Allowing subsidy-free renewables to bid for capacity contracts would cut energy bills by £600 million between 2025 and 2035, a new report has found.

The analysis by Aurora Energy Research considered the proposals in the recent cost of energy review for an “equivalent firm power” auction.

The independent review – commissioned by the government and authored by Oxford economics professor and Aurora director Dieter Helm – called for a capacity auction in which all technologies, renewables included, could bid for contracts on the basis of their contribution to security of supply.

Generators would be paid according to their de-rating factors, which would reflect their expected availability during periods when the system is tight and would be influenced by the makeup of the system at the time. They could improve their de-rating factors by contracting backup capacity or deploying co-located storage.

The new report by Aurora says designing the auction correctly would be essential to getting the best deal for consumers.

If existing subsidised renewables were allowed to enter, the cost to consumers would rise by £400 million between 2025 and 2035 with no gain on terms of security of supply. By contrast, allowing only new unsubsidised renewables to enter would lower costs by £600 million over the same period.

The research highlighted the important contribution of wind power to security of supply during the recent “Beast from the East” cold snap, when the load factor of the wind fleet in Great Britain averaged at 69 per cent. Without its presence, the power system would have seen much tighter margins and higher prices.

The report also predicted that clearing prices in the existing capacity market are likely to recover in the mid-2020s having reached record-lows of just £6/kW (T-1) and £8.40/kW (T-4) in the latest round of auctions.

Aurora identified three key factors that contributed to the collapse in clearing prices – dampened demand, low-cost demand-side response (DSR) and the entry of three new build interconnectors with a combined capacity of almost 2.2GW in the T-4 auction.
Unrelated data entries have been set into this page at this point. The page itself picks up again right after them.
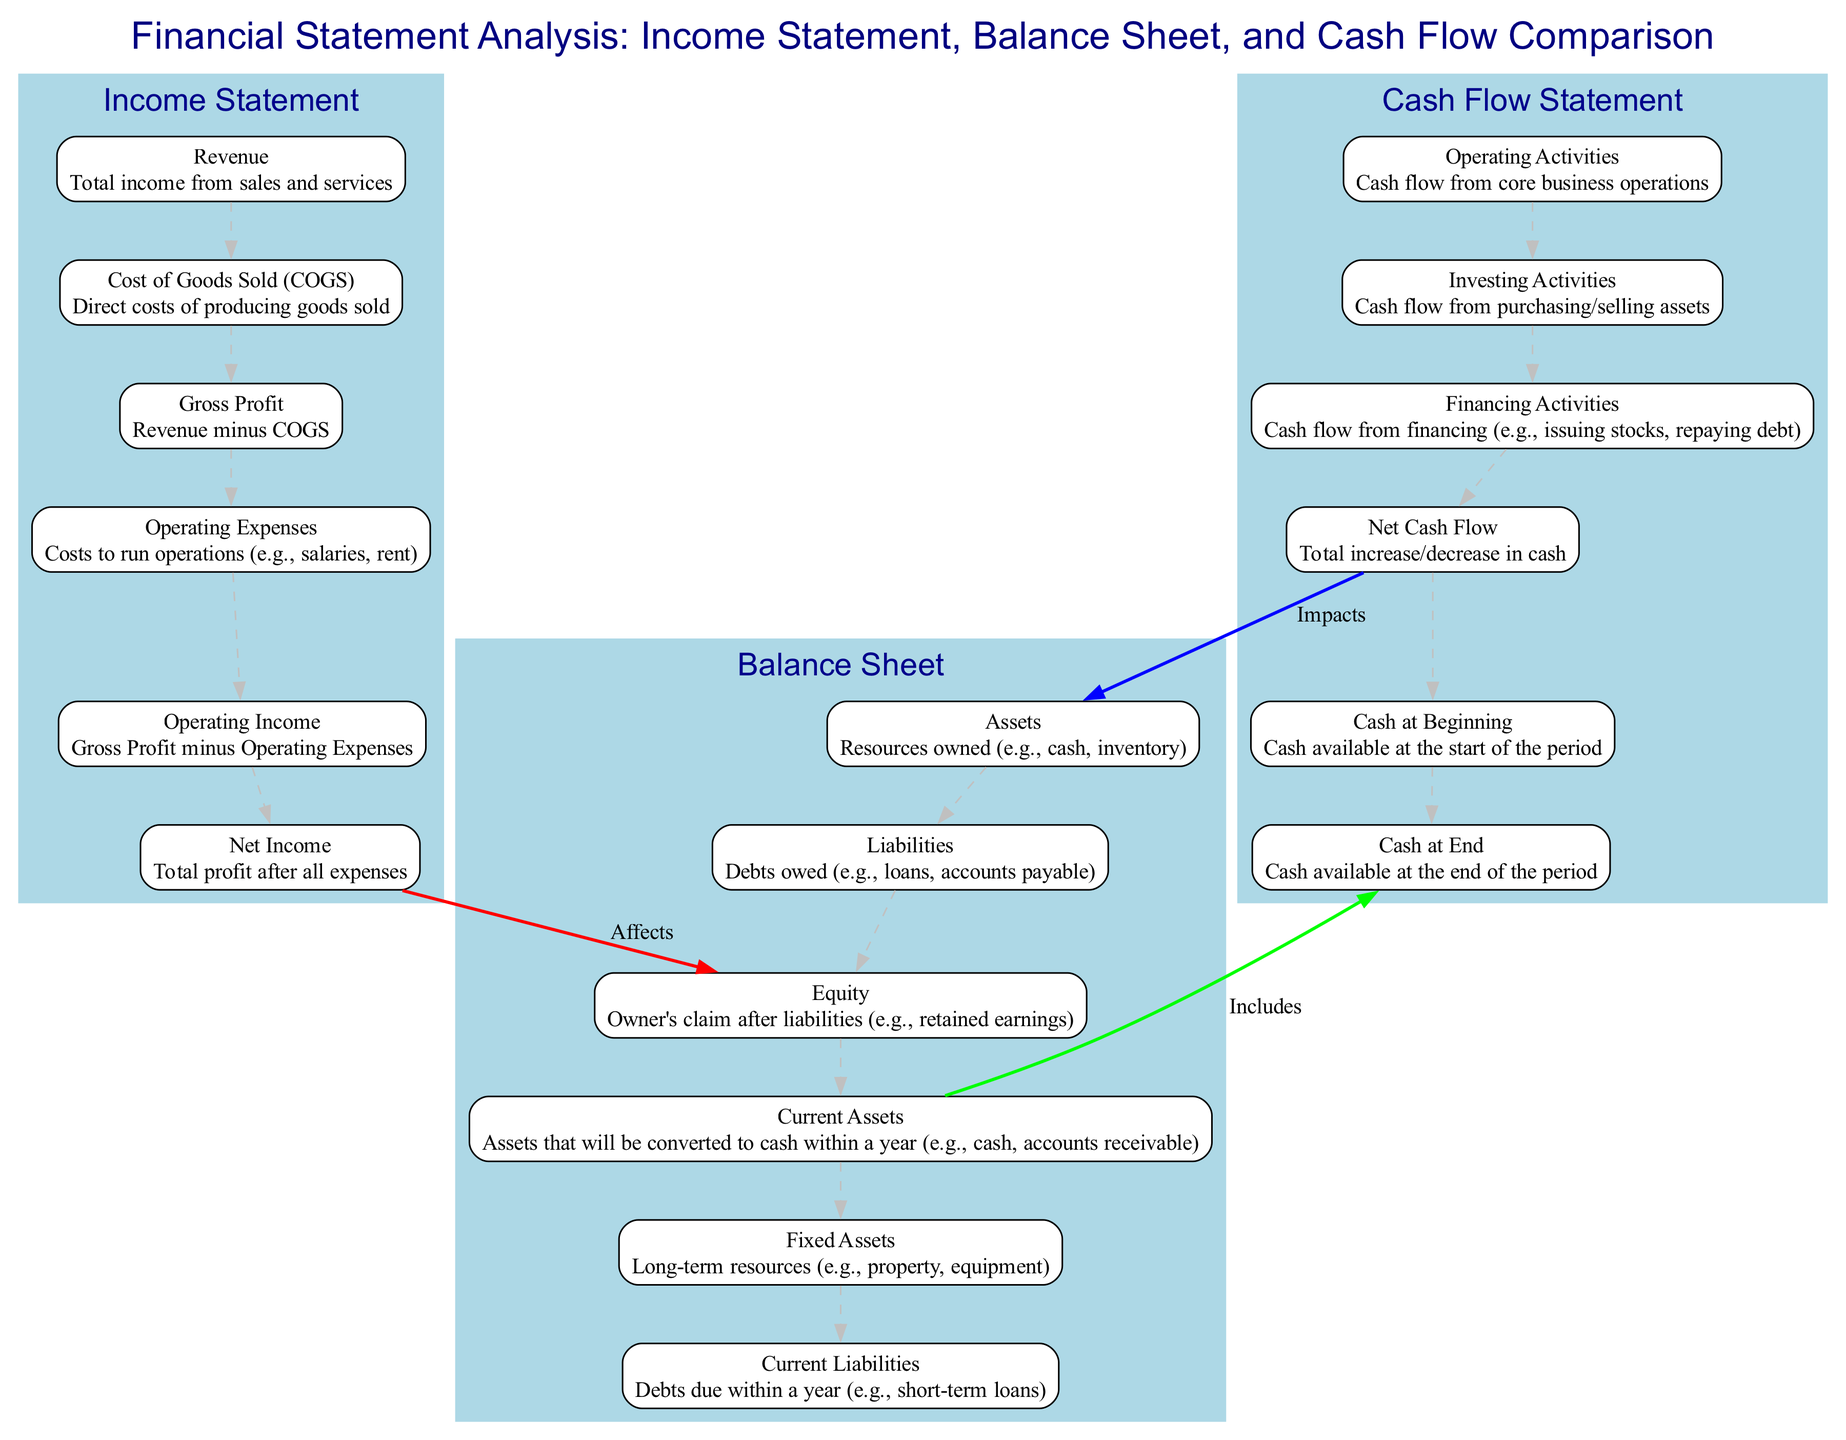What is the first element in the Income Statement? The diagram lists the elements in the Income Statement, starting with "Revenue" at the top.
Answer: Revenue How many elements are there in the Balance Sheet category? The Balance Sheet category has six elements: Assets, Liabilities, Equity, Current Assets, Fixed Assets, and Current Liabilities. Counting these gives a total of six.
Answer: 6 What does the arrow from Operating Income to Net Income represent? The arrow signifies a direct relationship where Operating Income is used to determine Net Income, showing that Net Income is calculated by subtracting other expenses from Operating Income.
Answer: Affects Which element in the Cash Flow Statement indicates cash at the start of the period? The Cash Flow Statement contains the node labeled "Cash at Beginning," which specifically represents the amount of cash available at the start of the period.
Answer: Cash at Beginning What is the relationship between Current Assets and Cash at End? The diagram shows that Current Assets directly influence "Cash at End," indicating that the current assets include cash that is available at the end of the period.
Answer: Includes How does Net Cash Flow connect to the Balance Sheet? The diagram illustrates that Net Cash Flow impacts the Assets section of the Balance Sheet, which implies that the net cash position can change the asset totals.
Answer: Impacts How many nodes are in the Cash Flow Statement? The Cash Flow Statement includes six nodes: Operating Activities, Investing Activities, Financing Activities, Net Cash Flow, Cash at Beginning, and Cash at End, resulting in a total of six nodes.
Answer: 6 What is the last element in the Income Statement? The last element in the Income Statement, as shown in the diagram, is "Net Income," indicating this is the final profit after all expenses have been accounted for.
Answer: Net Income What does the relationship from Balance Sheet Liabilities to Equity signify? The relationship indicates that Equity represents the owner's claim on the company's assets after all Liabilities have been paid off, demonstrating the financial structure.
Answer: Affects

According to the report, these factors are likely to persist over the next few T-4 auctions for delivery starting in the early 2020s.

However, the retirement of significant volumes of coal and nuclear capacity is expected to push prices higher in the mid-2020s as their absence drives the need for new baseload capacity such as combined-cycle gas turbines (CCGTs). The report says the early delivery of new build nuclear power stations, such as Hinkley Point C, would reduce this need.

Richard Howard, head of research at Aurora and report co-author, said: “The recent GB capacity auction saw prices driven to unprecedented lows due to falling power demand, and competitive bids by demand response and interconnectors to other power markets.

“Whilst these factors will persist, we predict capacity prices will rise in the mid-2020s as new generation capacity is brought online to replace retiring coal and nuclear power stations.”

The report additionally notes the impact of lowered de-factors for shorter range batteries on their success in the latest T-4 auction.

In the previous auction, all batteries received a de-rating factor of 96 per cent – a figure which Aurora described as “phenomenally high”. This helped them to secure contracts for around 500MW of de-rated capacity.

Concerned that some would be unable to meet their obligations during stress events, the Department for Business, Energy and Industrial Strategy lowered the de-rating factors in December for all but the longest duration batteries, thereby reducing the amount they were paid per megawatt of nameplate capacity.

The batteries were divided into eight different classes on the basis of their discharge duration. Those in the lowest class (30 minutes plus) received a de-rating factor of around 18 per cent.

Around 4.8GW of battery capacity (nameplate) pre-qualified for the latest T-4 auction, but the report says 1.5GW withdrew before it took place in response to subsequent reduction in de-rating factors. In the end only 400MW (153MW de-rated) secured an agreement.